This is a bare-bones Spring Boot web application configured to use the Okta Spring Boot Starter which auto-configures OIDC authentication with Spring Security.

Auth0 by Okta is used as the IdP to demonstrate the passkeys feature for passwordless login.

Passkeys are FIDO credentials that are discoverable by browsers or housed in hardware authenticators like your mobile device, laptop, or security keys for passwordless authentication. Passkeys replace passwords with cryptographic key pairs for phishing-resistant sign-in security and an improved user experience. The cryptographic keys are used from end-user devices (computers, phones, or security keys) for user authentication. Any passwordless FIDO credential is a passkey.
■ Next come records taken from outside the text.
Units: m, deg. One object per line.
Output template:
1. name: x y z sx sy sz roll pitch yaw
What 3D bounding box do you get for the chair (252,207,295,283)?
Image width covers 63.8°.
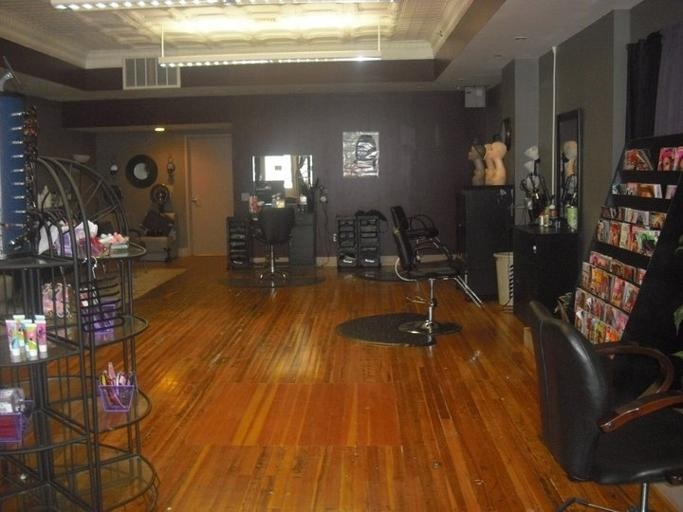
1. chair: -1.020 -0.224 8.539 0.570 1.138 1.696 -2 11 -7

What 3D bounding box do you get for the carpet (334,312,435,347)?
1. carpet: 0.436 0.738 5.671 0.943 0.039 1.191 -1 11 1

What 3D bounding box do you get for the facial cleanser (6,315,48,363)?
1. facial cleanser: -1.396 0.351 2.438 0.151 0.171 0.224 -8 12 -32

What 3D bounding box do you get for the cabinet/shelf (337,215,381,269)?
1. cabinet/shelf: 0.312 -0.258 9.286 0.781 0.999 0.331 -1 6 1

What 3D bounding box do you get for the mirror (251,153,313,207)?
1. mirror: -0.998 -1.305 9.508 0.977 0.903 0.045 0 0 -2

We believe that passkeys offer a viable alternative to passwords for consumer applications, and we are committed to promoting this much-needed industry shift by making it easy for you, developers, and builders to offer that experience to your users.

curl -G https://start.spring.io/starter.tgz \
  -d dependencies=web,okta -d baseDir=passkey-demo | tar -xzvf -

Create a HomeController.java class next to DemoApplication.java:

Populate it with the following code:

package com.example.demo;

import org.springframework.security.core.annotation.AuthenticationPrincipal;
import org.springframework.security.oauth2.core.oidc.user.OidcUser;
import org.springframework.web.bind.annotation.GetMapping;
import org.springframework.web.bind.annotation.RestController;

@RestController
class HomeController {

    @GetMapping("/")
    public String home(@AuthenticationPrincipal OidcUser user) {
        return "Hello, " + user.getFullName() + "!";
    }
}

See this commit for the code.

Sign up for a free Auth0 Account. If you have an existing account, create a new Tenant.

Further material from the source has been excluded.